● What you need to do
Without reproducing any image, print the listing below exactly.

● Information provided
-----
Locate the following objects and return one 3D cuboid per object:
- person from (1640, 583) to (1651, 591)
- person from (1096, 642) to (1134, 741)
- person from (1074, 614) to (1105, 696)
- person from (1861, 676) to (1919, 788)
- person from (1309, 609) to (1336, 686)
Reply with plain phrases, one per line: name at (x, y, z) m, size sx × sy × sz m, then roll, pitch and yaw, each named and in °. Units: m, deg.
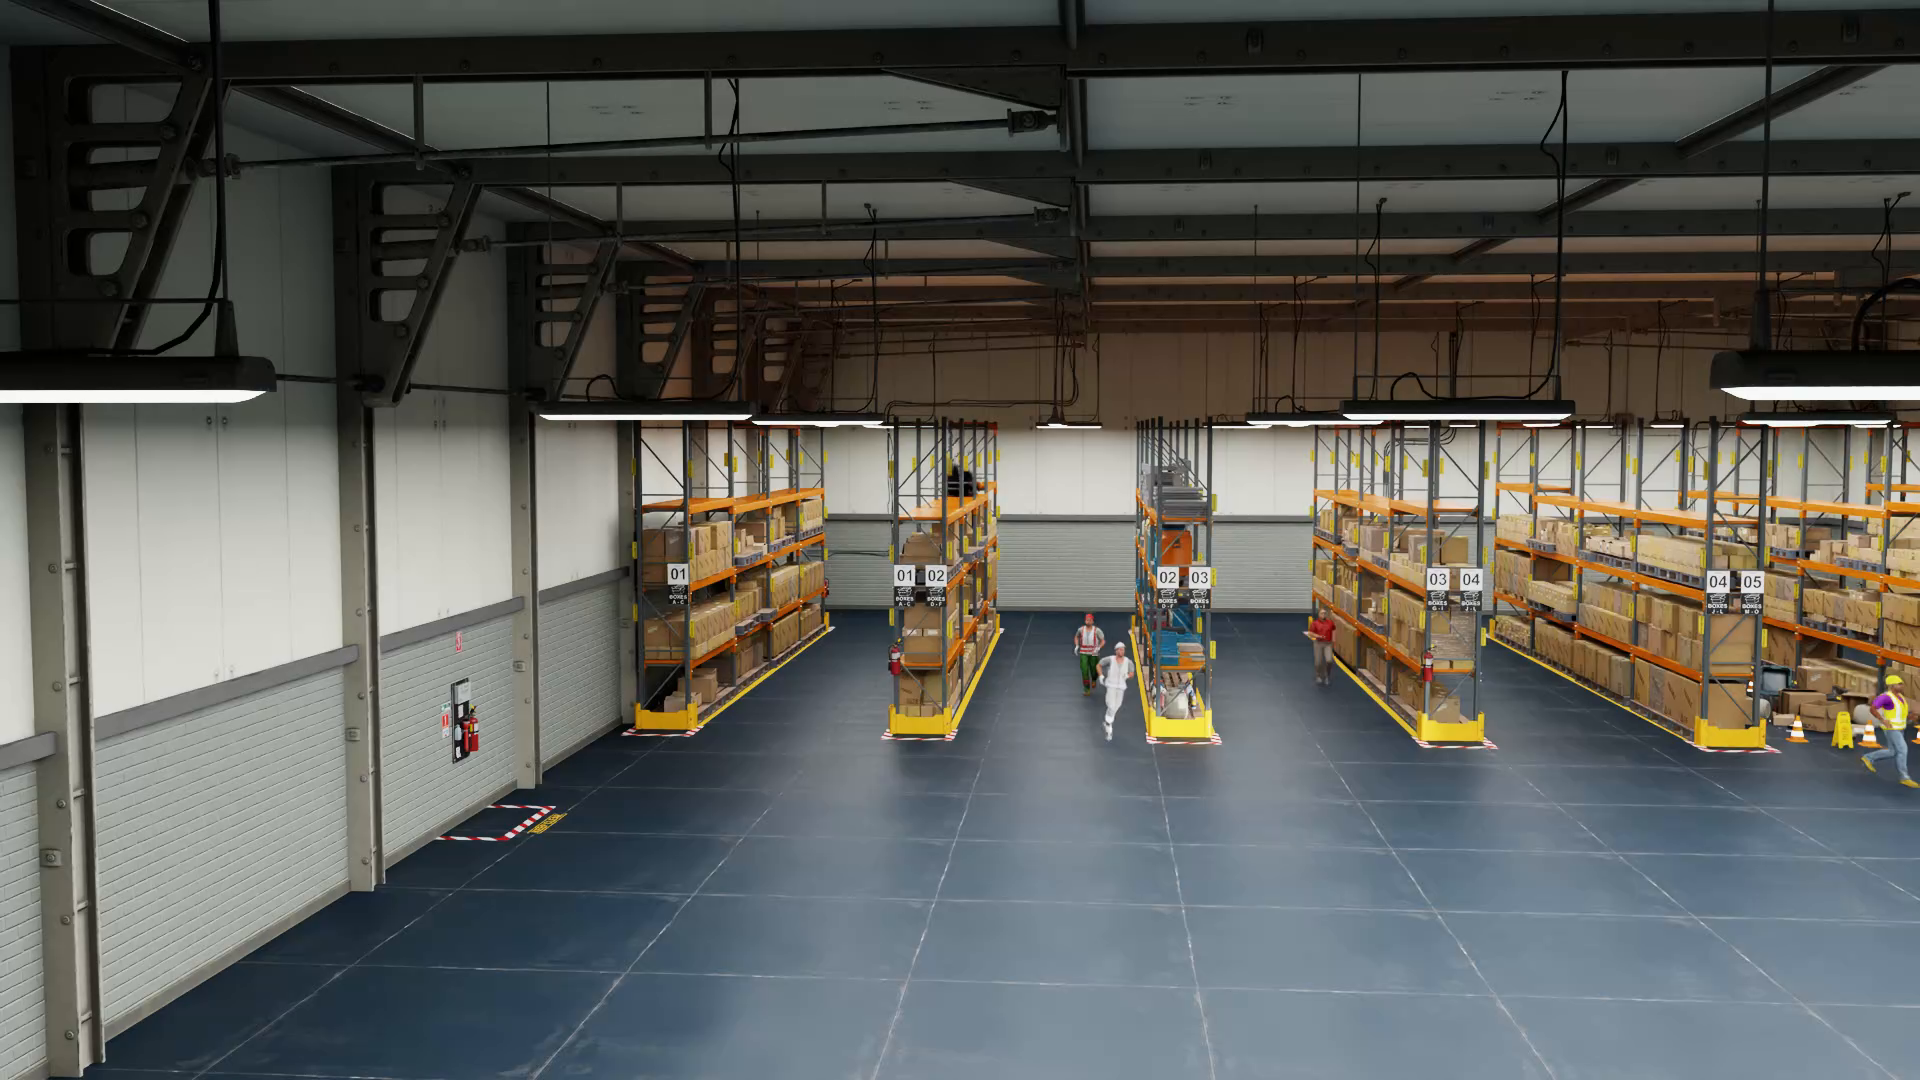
person at (19.509, 1.824, 47.318) m, size 0.836 × 1.705 × 0.497 m, roll 1°, pitch 4°, yaw 9°
person at (2.928, 2.821, 31.181) m, size 0.682 × 1.841 × 0.763 m, roll -1°, pitch 4°, yaw -13°
person at (2.810, 2.476, 36.152) m, size 0.688 × 1.763 × 0.880 m, roll 1°, pitch 4°, yaw 11°
person at (15.156, 3.082, 27.056) m, size 0.699 × 1.766 × 0.933 m, roll -3°, pitch 5°, yaw -41°
person at (8.192, 2.425, 37.482) m, size 0.640 × 1.738 × 0.702 m, roll 0°, pitch 4°, yaw 5°
-----
● Answer to the problem
Locate the following objects and return one 3D cuboid per object:
- person from (1640, 583) to (1651, 591)
- person from (1096, 642) to (1134, 741)
- person from (1074, 614) to (1105, 696)
- person from (1861, 676) to (1919, 788)
- person from (1309, 609) to (1336, 686)
Reply with plain phrases, one per line: name at (x, y, z) m, size sx × sy × sz m, then roll, pitch and yaw, each named and in °. Units: m, deg.
person at (19.509, 1.824, 47.318) m, size 0.836 × 1.705 × 0.497 m, roll 1°, pitch 4°, yaw 9°
person at (2.928, 2.821, 31.181) m, size 0.682 × 1.841 × 0.763 m, roll -1°, pitch 4°, yaw -13°
person at (2.810, 2.476, 36.152) m, size 0.688 × 1.763 × 0.880 m, roll 1°, pitch 4°, yaw 11°
person at (15.156, 3.082, 27.056) m, size 0.699 × 1.766 × 0.933 m, roll -3°, pitch 5°, yaw -41°
person at (8.192, 2.425, 37.482) m, size 0.640 × 1.738 × 0.702 m, roll 0°, pitch 4°, yaw 5°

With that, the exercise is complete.